WHAT NEEDS TO BE DONE.
What you return should match the records below exactly.

ENTRIES SUPPLIED.
====
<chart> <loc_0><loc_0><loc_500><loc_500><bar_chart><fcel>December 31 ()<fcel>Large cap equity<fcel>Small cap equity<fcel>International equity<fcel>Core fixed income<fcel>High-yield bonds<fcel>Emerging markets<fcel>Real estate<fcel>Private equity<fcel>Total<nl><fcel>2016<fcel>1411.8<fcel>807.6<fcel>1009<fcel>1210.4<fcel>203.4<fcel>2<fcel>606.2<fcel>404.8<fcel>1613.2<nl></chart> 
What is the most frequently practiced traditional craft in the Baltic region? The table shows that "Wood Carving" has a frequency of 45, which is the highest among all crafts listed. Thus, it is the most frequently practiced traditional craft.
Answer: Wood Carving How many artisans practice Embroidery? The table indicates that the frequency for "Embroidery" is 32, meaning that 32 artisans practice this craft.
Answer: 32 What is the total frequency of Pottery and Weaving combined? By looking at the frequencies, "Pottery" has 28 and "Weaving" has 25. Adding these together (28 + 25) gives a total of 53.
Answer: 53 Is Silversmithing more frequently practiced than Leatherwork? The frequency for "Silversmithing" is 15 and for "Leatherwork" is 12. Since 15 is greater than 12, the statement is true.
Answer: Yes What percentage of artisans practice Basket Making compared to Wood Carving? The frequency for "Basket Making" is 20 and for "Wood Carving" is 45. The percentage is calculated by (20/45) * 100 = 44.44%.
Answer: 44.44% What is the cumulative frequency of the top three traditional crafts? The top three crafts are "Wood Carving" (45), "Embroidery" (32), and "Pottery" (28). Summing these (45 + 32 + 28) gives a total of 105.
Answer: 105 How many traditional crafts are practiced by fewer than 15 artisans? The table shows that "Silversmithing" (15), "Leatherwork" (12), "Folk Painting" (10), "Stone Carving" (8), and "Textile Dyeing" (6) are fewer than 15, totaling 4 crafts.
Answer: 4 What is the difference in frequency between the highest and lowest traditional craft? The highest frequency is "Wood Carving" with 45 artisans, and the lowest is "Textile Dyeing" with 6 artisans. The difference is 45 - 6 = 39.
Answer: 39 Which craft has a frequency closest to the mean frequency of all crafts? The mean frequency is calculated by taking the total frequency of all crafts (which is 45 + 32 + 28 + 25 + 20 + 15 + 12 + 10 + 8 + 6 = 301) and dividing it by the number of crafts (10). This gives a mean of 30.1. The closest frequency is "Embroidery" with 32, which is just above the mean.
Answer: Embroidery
====
WRITTEN RESPONSE.
<chart> <loc_0><loc_0><loc_500><loc_500><bar_chart><fcel>December 31 ()<fcel>Large cap equity<fcel>Small cap equity<fcel>International equity<fcel>Core fixed income<fcel>High-yield bonds<fcel>Emerging markets<fcel>Real estate<fcel>Private equity<fcel>Total<nl><fcel>2016<fcel>1411.8<fcel>807.6<fcel>1009<fcel>1210.4<fcel>203.4<fcel>2<fcel>606.2<fcel>404.8<fcel>1613.2<nl></chart> 
What is the most frequently practiced traditional craft in the Baltic region? The table shows that "Wood Carving" has a frequency of 45, which is the highest among all crafts listed. Thus, it is the most frequently practiced traditional craft.
Answer: Wood Carving How many artisans practice Embroidery? The table indicates that the frequency for "Embroidery" is 32, meaning that 32 artisans practice this craft.
Answer: 32 What is the total frequency of Pottery and Weaving combined? By looking at the frequencies, "Pottery" has 28 and "Weaving" has 25. Adding these together (28 + 25) gives a total of 53.
Answer: 53 Is Silversmithing more frequently practiced than Leatherwork? The frequency for "Silversmithing" is 15 and for "Leatherwork" is 12. Since 15 is greater than 12, the statement is true.
Answer: Yes What percentage of artisans practice Basket Making compared to Wood Carving? The frequency for "Basket Making" is 20 and for "Wood Carving" is 45. The percentage is calculated by (20/45) * 100 = 44.44%.
Answer: 44.44% What is the cumulative frequency of the top three traditional crafts? The top three crafts are "Wood Carving" (45), "Embroidery" (32), and "Pottery" (28). Summing these (45 + 32 + 28) gives a total of 105.
Answer: 105 How many traditional crafts are practiced by fewer than 15 artisans? The table shows that "Silversmithing" (15), "Leatherwork" (12), "Folk Painting" (10), "Stone Carving" (8), and "Textile Dyeing" (6) are fewer than 15, totaling 4 crafts.
Answer: 4 What is the difference in frequency between the highest and lowest traditional craft? The highest frequency is "Wood Carving" with 45 artisans, and the lowest is "Textile Dyeing" with 6 artisans. The difference is 45 - 6 = 39.
Answer: 39 Which craft has a frequency closest to the mean frequency of all crafts? The mean frequency is calculated by taking the total frequency of all crafts (which is 45 + 32 + 28 + 25 + 20 + 15 + 12 + 10 + 8 + 6 = 301) and dividing it by the number of crafts (10). This gives a mean of 30.1. The closest frequency is "Embroidery" with 32, which is just above the mean.
Answer: Embroidery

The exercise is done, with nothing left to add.